(Records from a data collection)

----------

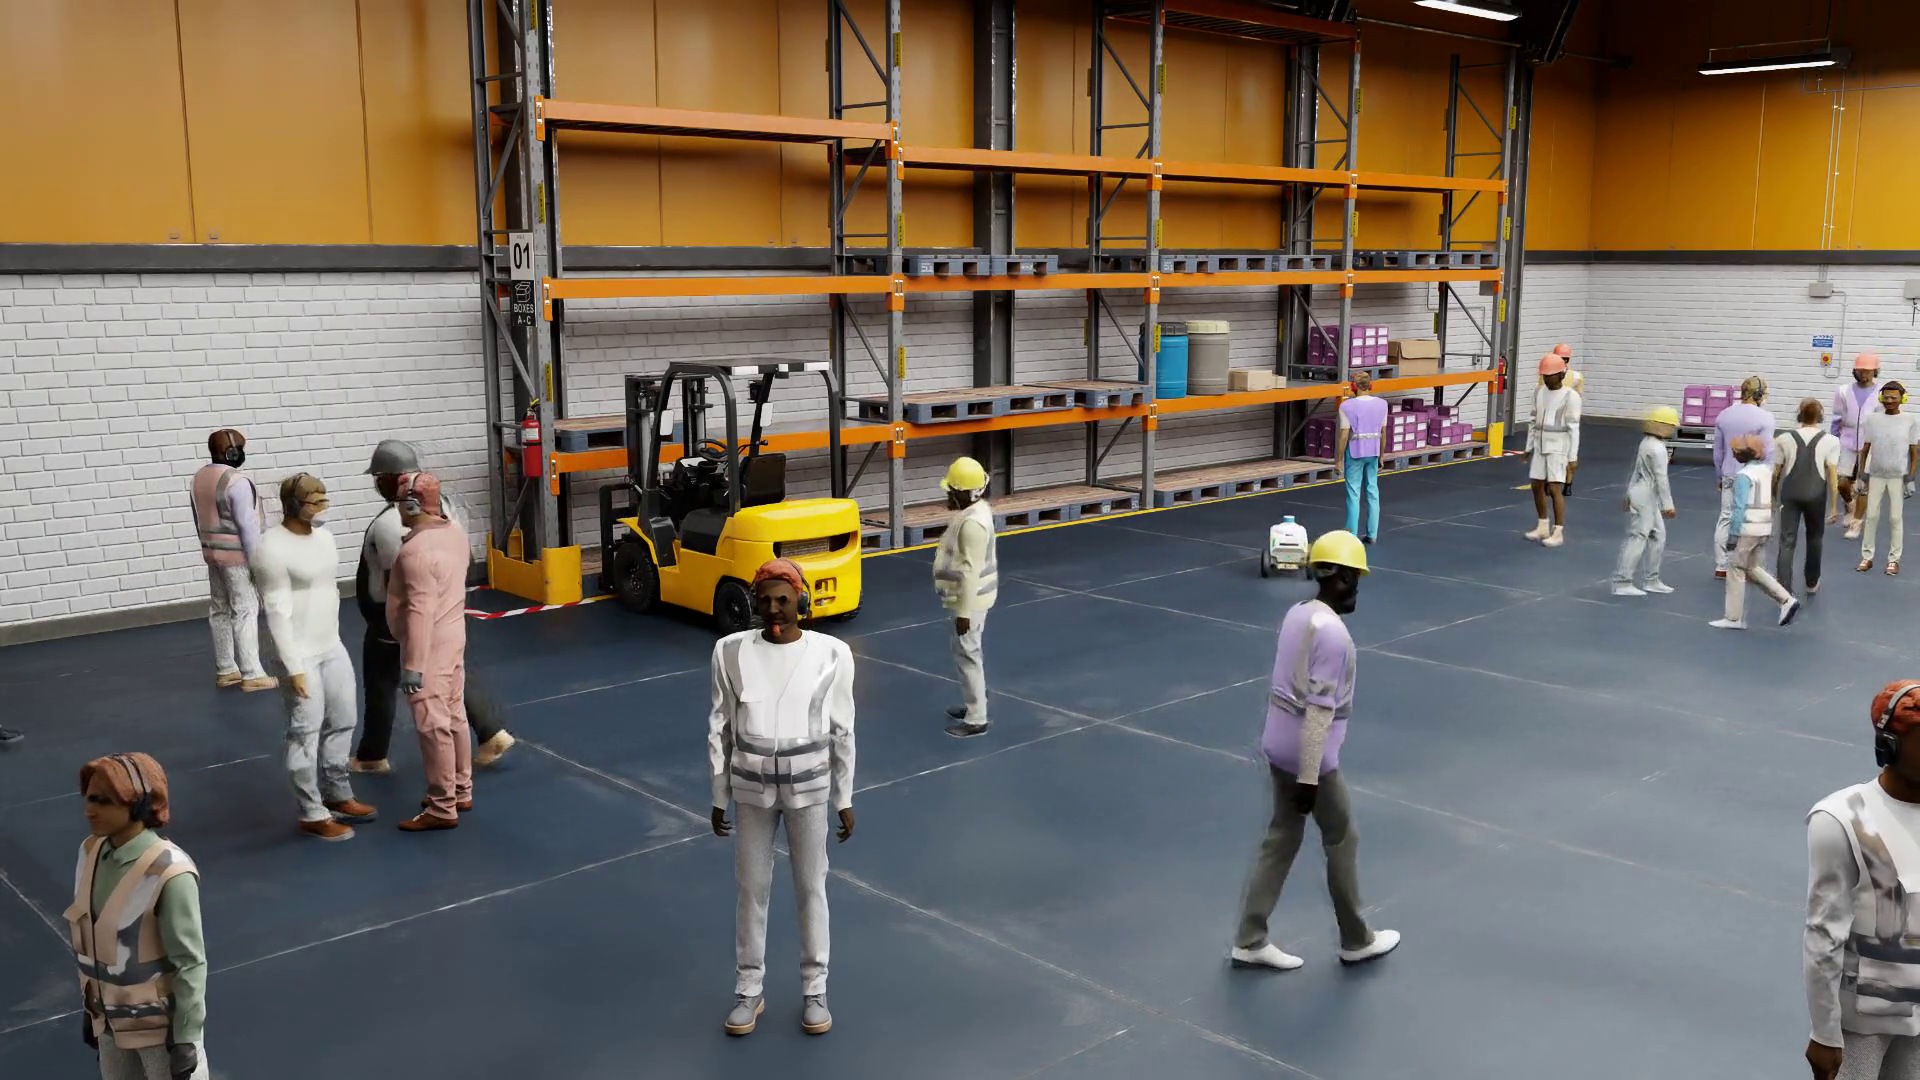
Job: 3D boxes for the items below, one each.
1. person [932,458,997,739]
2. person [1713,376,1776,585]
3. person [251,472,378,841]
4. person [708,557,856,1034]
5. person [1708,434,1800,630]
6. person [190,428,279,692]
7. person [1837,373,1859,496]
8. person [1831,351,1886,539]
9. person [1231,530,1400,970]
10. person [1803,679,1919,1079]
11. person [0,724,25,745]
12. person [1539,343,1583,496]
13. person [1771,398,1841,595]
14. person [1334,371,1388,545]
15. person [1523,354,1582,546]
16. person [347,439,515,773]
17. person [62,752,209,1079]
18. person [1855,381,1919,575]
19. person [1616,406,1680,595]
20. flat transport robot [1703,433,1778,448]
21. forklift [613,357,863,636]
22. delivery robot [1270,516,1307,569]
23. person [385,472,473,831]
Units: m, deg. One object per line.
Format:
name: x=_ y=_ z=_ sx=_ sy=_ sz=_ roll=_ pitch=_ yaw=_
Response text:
person: x=0.027 y=0.368 z=10.462 sx=0.406 sy=1.805 sz=0.644 roll=0 pitch=10 yaw=-1
person: x=7.275 y=-0.553 z=15.434 sx=0.371 sy=1.934 sz=0.627 roll=-4 pitch=11 yaw=-24
person: x=-3.367 y=0.610 z=8.639 sx=0.434 sy=1.936 sz=0.643 roll=2 pitch=10 yaw=13
person: x=-0.695 y=0.999 z=6.494 sx=0.574 sy=1.883 sz=0.355 roll=0 pitch=10 yaw=0
person: x=6.449 y=-0.053 z=13.416 sx=0.561 sy=1.612 sz=0.565 roll=-9 pitch=14 yaw=-44
person: x=-5.075 y=0.139 z=11.651 sx=0.621 sy=1.844 sz=0.429 roll=7 pitch=12 yaw=34
person: x=11.394 y=-1.383 z=21.139 sx=0.530 sy=1.644 sz=0.321 roll=-6 pitch=12 yaw=-33
person: x=9.725 y=-1.030 z=17.942 sx=0.608 sy=2.031 sz=0.578 roll=8 pitch=13 yaw=41
person: x=1.539 y=0.901 z=7.080 sx=0.845 sy=1.872 sz=0.612 roll=-2 pitch=10 yaw=-9
person: x=2.579 y=1.316 z=4.638 sx=0.576 sy=1.882 sz=0.355 roll=-4 pitch=11 yaw=-24
person: x=-5.980 y=0.431 z=10.014 sx=0.671 sy=1.806 sz=0.611 roll=-5 pitch=11 yaw=-28
person: x=7.578 y=-1.517 z=21.056 sx=0.542 sy=1.939 sz=0.368 roll=1 pitch=10 yaw=7
person: x=7.434 y=-0.350 z=14.648 sx=0.549 sy=1.789 sz=0.960 roll=6 pitch=11 yaw=32
person: x=4.210 y=-0.850 z=17.445 sx=0.564 sy=1.838 sz=0.388 roll=-3 pitch=10 yaw=-17
person: x=6.233 y=-0.945 z=17.479 sx=0.541 sy=2.015 sz=0.667 roll=-5 pitch=11 yaw=-28
person: x=-3.141 y=0.372 z=9.700 sx=0.979 sy=2.000 sz=0.677 roll=3 pitch=10 yaw=16
person: x=-2.360 y=1.404 z=4.817 sx=0.515 sy=1.645 sz=0.309 roll=6 pitch=11 yaw=30
person: x=8.869 y=-0.596 z=15.916 sx=0.498 sy=1.861 sz=0.326 roll=8 pitch=12 yaw=38
person: x=6.195 y=-0.332 z=14.806 sx=0.644 sy=1.713 sz=0.496 roll=2 pitch=10 yaw=13
flat transport robot: x=12.265 y=-1.510 z=25.894 sx=0.652 sy=0.197 sz=1.431 roll=-2 pitch=10 yaw=-11
forklift: x=-1.847 y=-0.414 z=13.852 sx=1.214 sy=2.155 sz=2.313 roll=-9 pitch=13 yaw=-42
delivery robot: x=3.133 y=0.014 z=15.865 sx=0.477 sy=0.478 sz=0.707 roll=2 pitch=10 yaw=10
person: x=-2.829 y=0.587 z=8.841 sx=0.407 sy=1.905 sz=0.655 roll=0 pitch=10 yaw=2
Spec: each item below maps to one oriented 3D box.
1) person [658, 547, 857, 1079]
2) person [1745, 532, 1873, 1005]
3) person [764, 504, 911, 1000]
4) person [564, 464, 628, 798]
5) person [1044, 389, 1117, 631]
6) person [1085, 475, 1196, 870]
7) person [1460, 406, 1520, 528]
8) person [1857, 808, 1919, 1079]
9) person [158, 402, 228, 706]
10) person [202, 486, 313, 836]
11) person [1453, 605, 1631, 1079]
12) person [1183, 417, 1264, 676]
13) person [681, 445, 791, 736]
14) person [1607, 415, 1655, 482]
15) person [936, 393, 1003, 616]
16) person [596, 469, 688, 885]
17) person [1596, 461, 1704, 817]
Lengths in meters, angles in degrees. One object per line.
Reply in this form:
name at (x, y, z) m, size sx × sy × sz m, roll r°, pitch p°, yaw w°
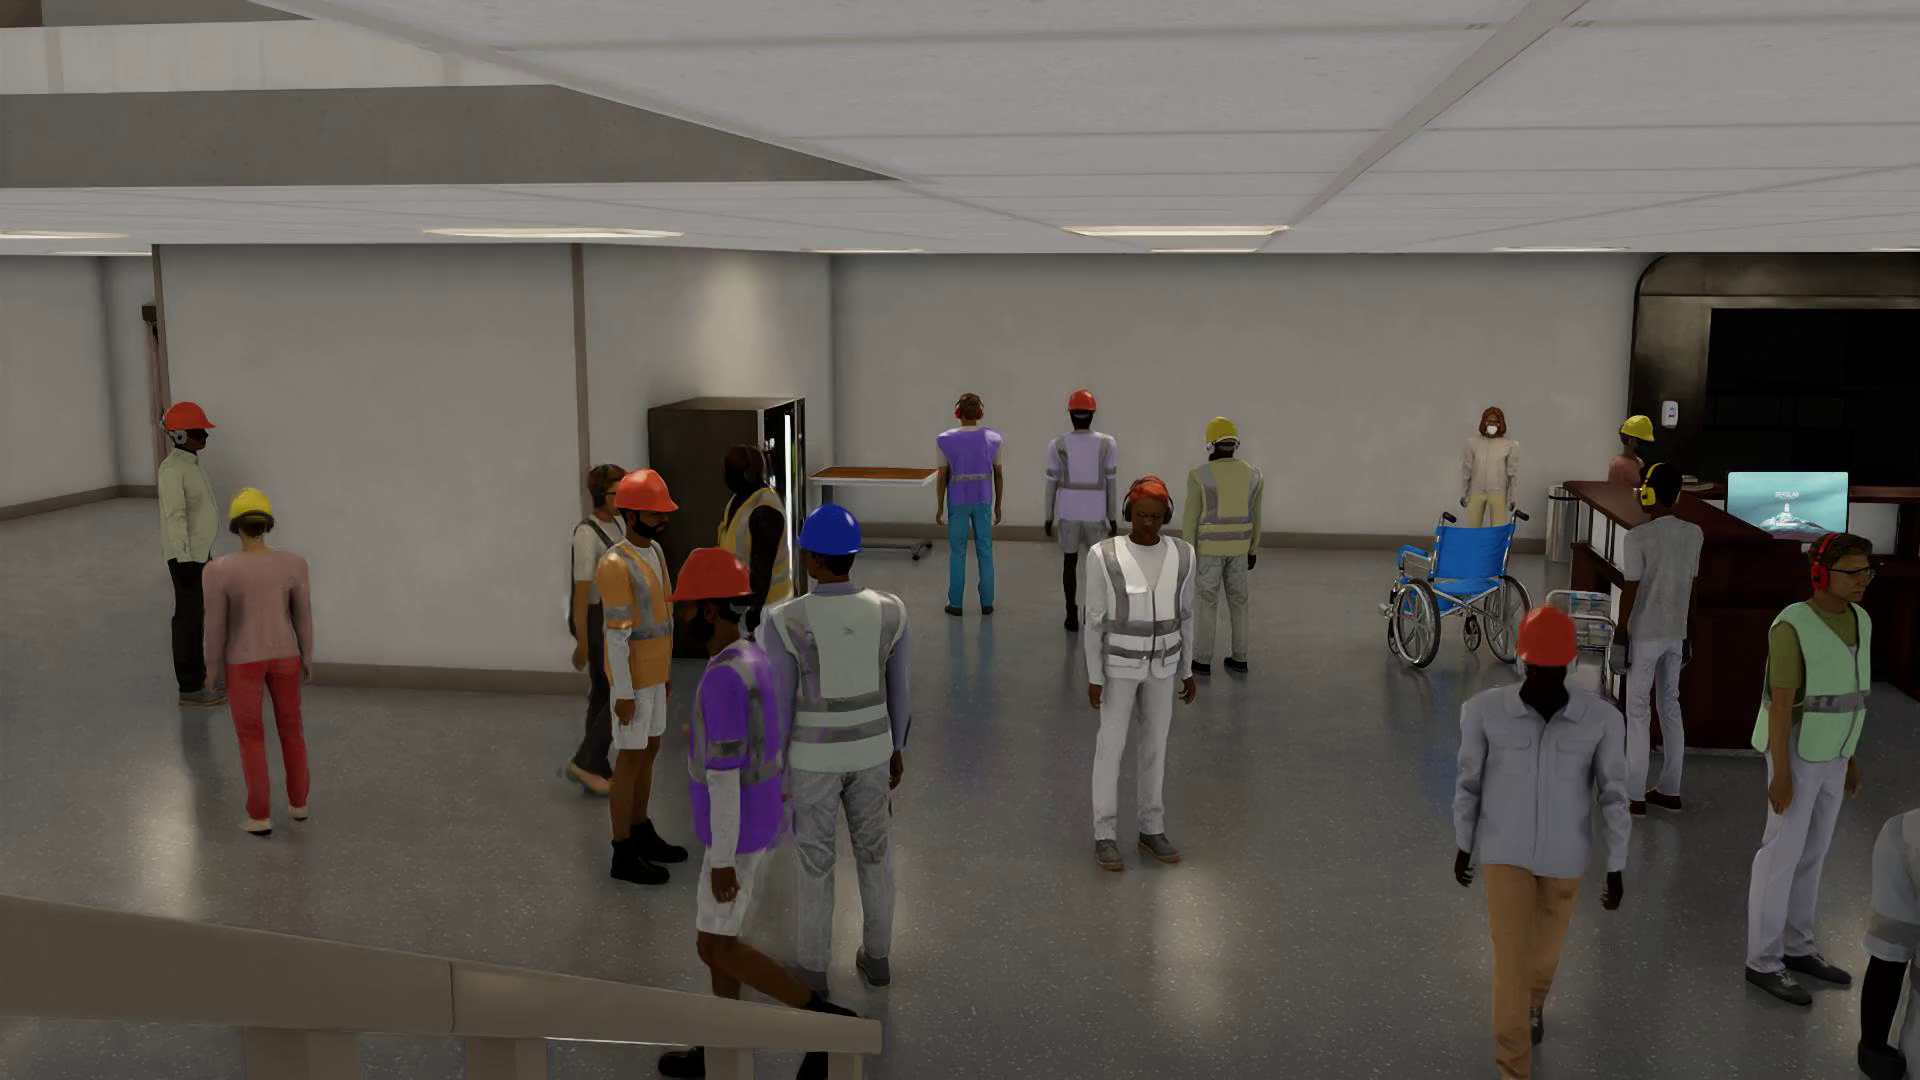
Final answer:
person at (-0.729, 0.974, 5.726) m, size 0.616 × 1.914 × 0.566 m, roll 0°, pitch 9°, yaw 1°
person at (3.355, 0.871, 6.573) m, size 0.564 × 1.846 × 0.391 m, roll -6°, pitch 11°, yaw -34°
person at (-0.480, 0.827, 6.516) m, size 0.608 × 1.951 × 0.378 m, roll -5°, pitch 10°, yaw -26°
person at (-1.880, 0.495, 8.948) m, size 0.423 × 1.826 × 0.499 m, roll 0°, pitch 9°, yaw -1°
person at (0.946, -0.225, 13.082) m, size 0.574 × 1.917 × 0.417 m, roll 0°, pitch 9°, yaw 1°
person at (0.865, 0.626, 7.960) m, size 0.575 × 1.886 × 0.362 m, roll -3°, pitch 10°, yaw -18°
person at (4.804, -0.400, 15.104) m, size 0.504 × 1.627 × 0.285 m, roll 5°, pitch 10°, yaw 28°
person at (2.416, 1.259, 3.864) m, size 0.614 × 1.952 × 0.388 m, roll 6°, pitch 11°, yaw 32°
person at (-5.044, 0.087, 10.943) m, size 0.378 × 1.995 × 0.609 m, roll -2°, pitch 9°, yaw -13°
person at (-3.555, 0.612, 8.462) m, size 0.533 × 1.771 × 0.370 m, roll -8°, pitch 12°, yaw -41°
person at (2.036, 1.055, 5.853) m, size 0.576 × 1.712 × 0.882 m, roll 2°, pitch 9°, yaw 12°
person at (1.835, 0.048, 11.729) m, size 0.595 × 1.824 × 0.403 m, roll -3°, pitch 10°, yaw -18°
person at (-1.337, 0.339, 9.954) m, size 0.815 × 1.809 × 0.656 m, roll -4°, pitch 10°, yaw -25°
person at (5.071, -0.070, 12.645) m, size 0.328 × 1.761 × 0.523 m, roll 8°, pitch 12°, yaw 40°
person at (0.080, -0.286, 13.712) m, size 0.566 × 1.846 × 0.387 m, roll -2°, pitch 9°, yaw -11°
person at (-1.471, 0.626, 7.797) m, size 0.369 × 1.935 × 0.552 m, roll 2°, pitch 9°, yaw 9°
person at (3.625, 0.520, 8.700) m, size 0.508 × 1.862 × 0.326 m, roll -4°, pitch 10°, yaw -21°

----------

ACTIVITY » Answer with the count alone: how many lines in the data above have "name" in them?

ANSWER FOR THE TASK » 2